▶ _PROBLEM_: Since pictures are not part of the copy, please output only the lines from the one with "Answer: 300 AFN" through the end of the data below, exactly as written.

▶ _Records from a data collection_:
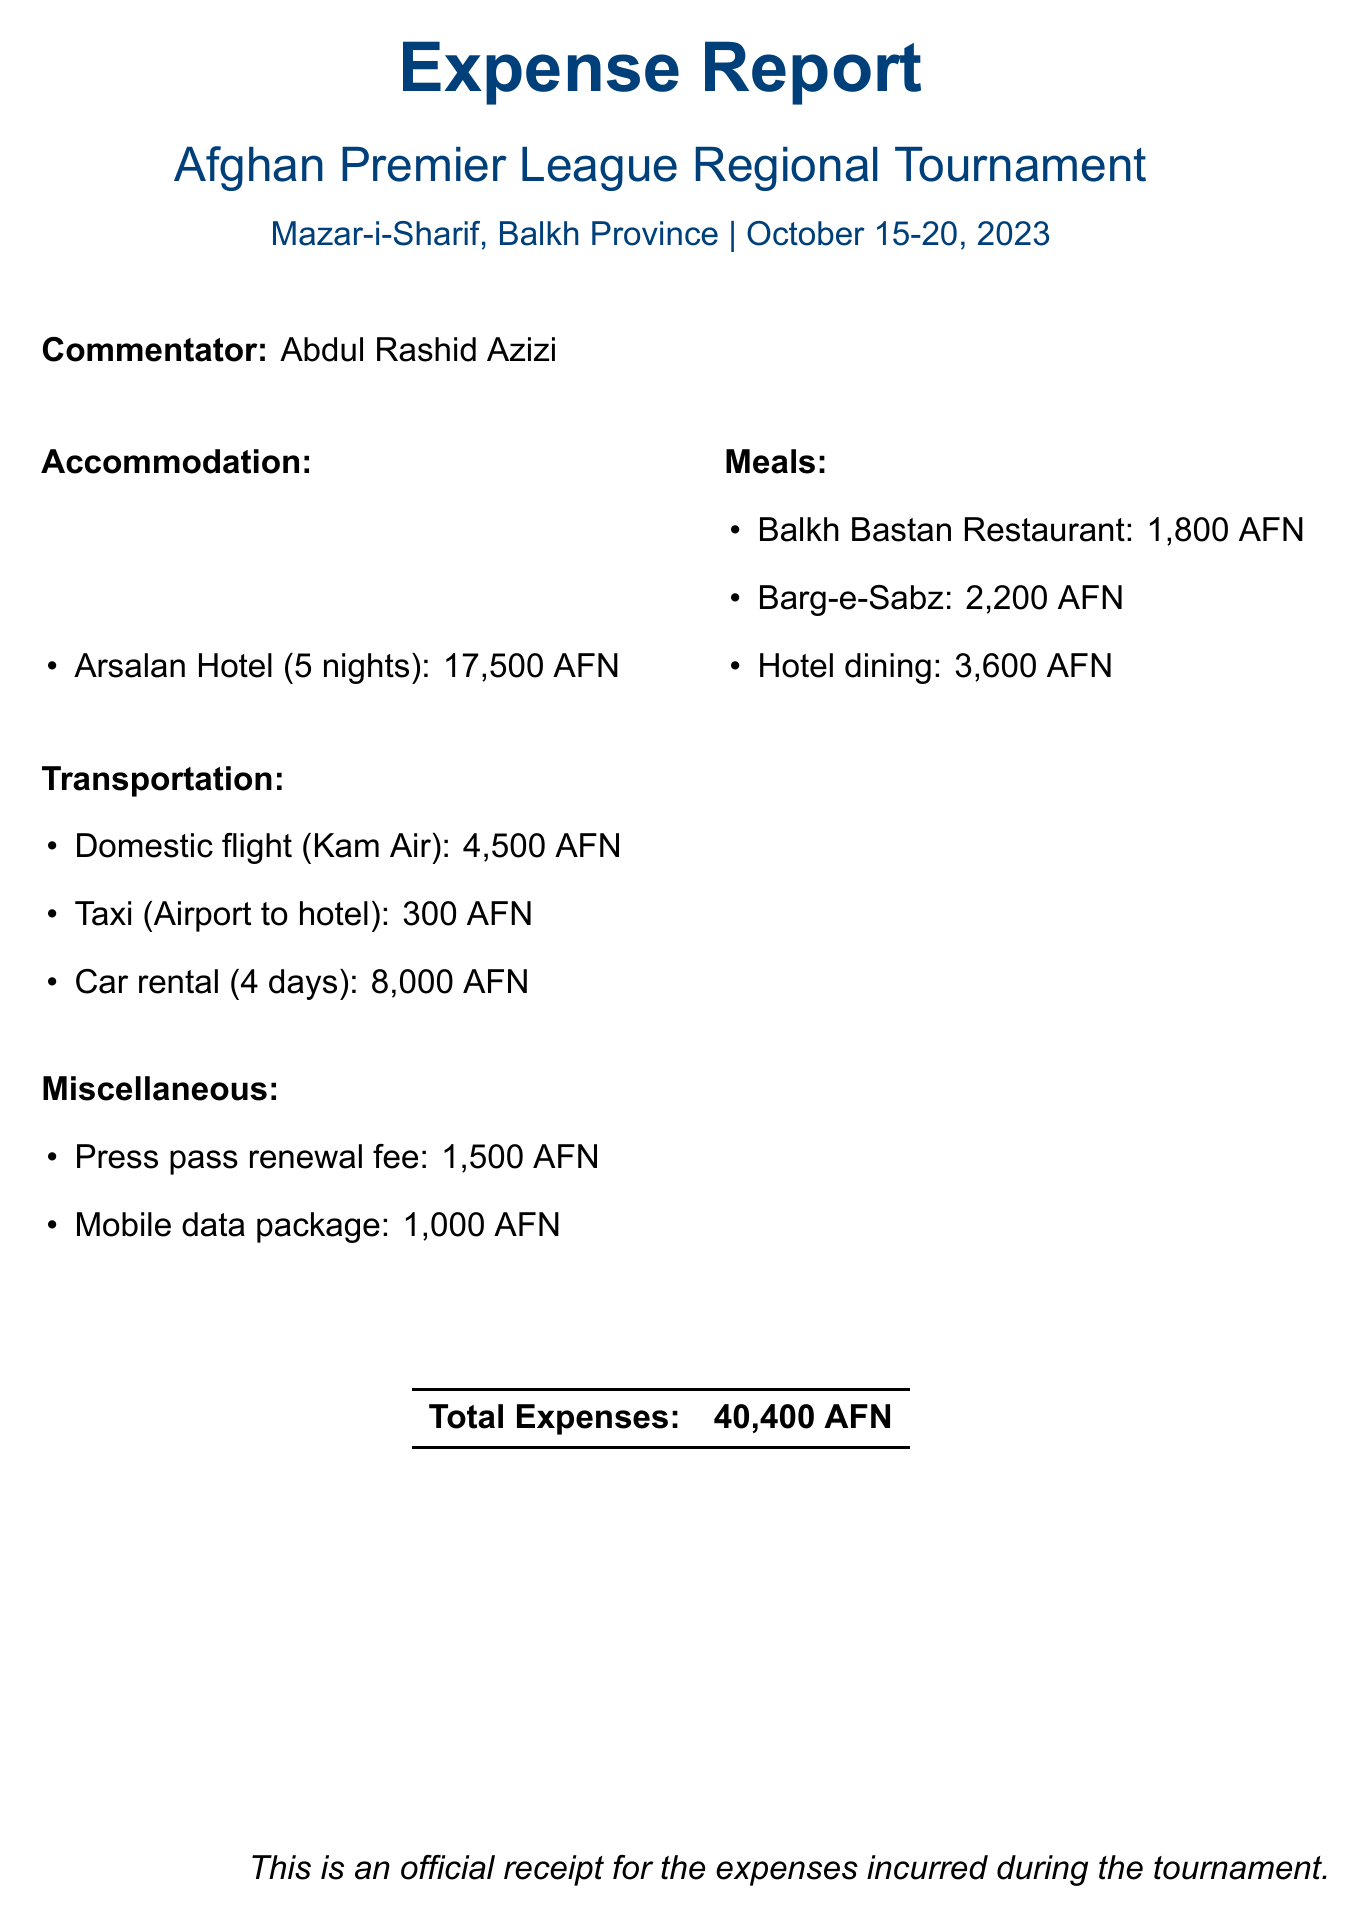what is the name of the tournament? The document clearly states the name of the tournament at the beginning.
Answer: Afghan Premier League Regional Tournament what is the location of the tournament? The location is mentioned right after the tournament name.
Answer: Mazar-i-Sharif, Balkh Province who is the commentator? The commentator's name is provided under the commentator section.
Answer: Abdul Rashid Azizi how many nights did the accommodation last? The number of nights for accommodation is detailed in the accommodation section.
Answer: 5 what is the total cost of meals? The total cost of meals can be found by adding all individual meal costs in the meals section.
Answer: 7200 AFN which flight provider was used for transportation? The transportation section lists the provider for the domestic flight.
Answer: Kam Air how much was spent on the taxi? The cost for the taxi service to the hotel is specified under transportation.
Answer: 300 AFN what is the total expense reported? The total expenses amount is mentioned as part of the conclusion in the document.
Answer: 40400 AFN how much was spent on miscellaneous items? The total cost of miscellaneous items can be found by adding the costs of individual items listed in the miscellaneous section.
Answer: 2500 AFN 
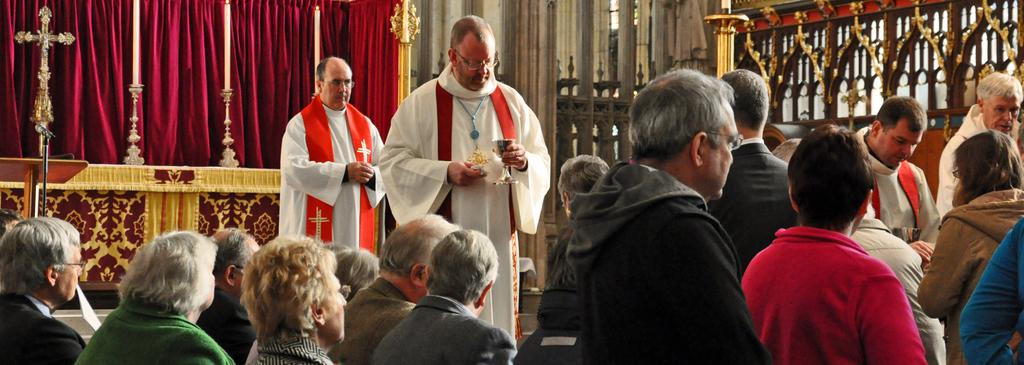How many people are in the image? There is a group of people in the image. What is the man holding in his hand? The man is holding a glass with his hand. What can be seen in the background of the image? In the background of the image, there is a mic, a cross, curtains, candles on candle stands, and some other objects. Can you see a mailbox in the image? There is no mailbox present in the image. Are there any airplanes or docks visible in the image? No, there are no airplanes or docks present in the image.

▶ _TASK ANSWER_:
Answer: 300 AFN what is the total expense reported? The total expenses amount is mentioned as part of the conclusion in the document.
Answer: 40400 AFN how much was spent on miscellaneous items? The total cost of miscellaneous items can be found by adding the costs of individual items listed in the miscellaneous section.
Answer: 2500 AFN 
How many people are in the image? There is a group of people in the image. What is the man holding in his hand? The man is holding a glass with his hand. What can be seen in the background of the image? In the background of the image, there is a mic, a cross, curtains, candles on candle stands, and some other objects. Can you see a mailbox in the image? There is no mailbox present in the image. Are there any airplanes or docks visible in the image? No, there are no airplanes or docks present in the image.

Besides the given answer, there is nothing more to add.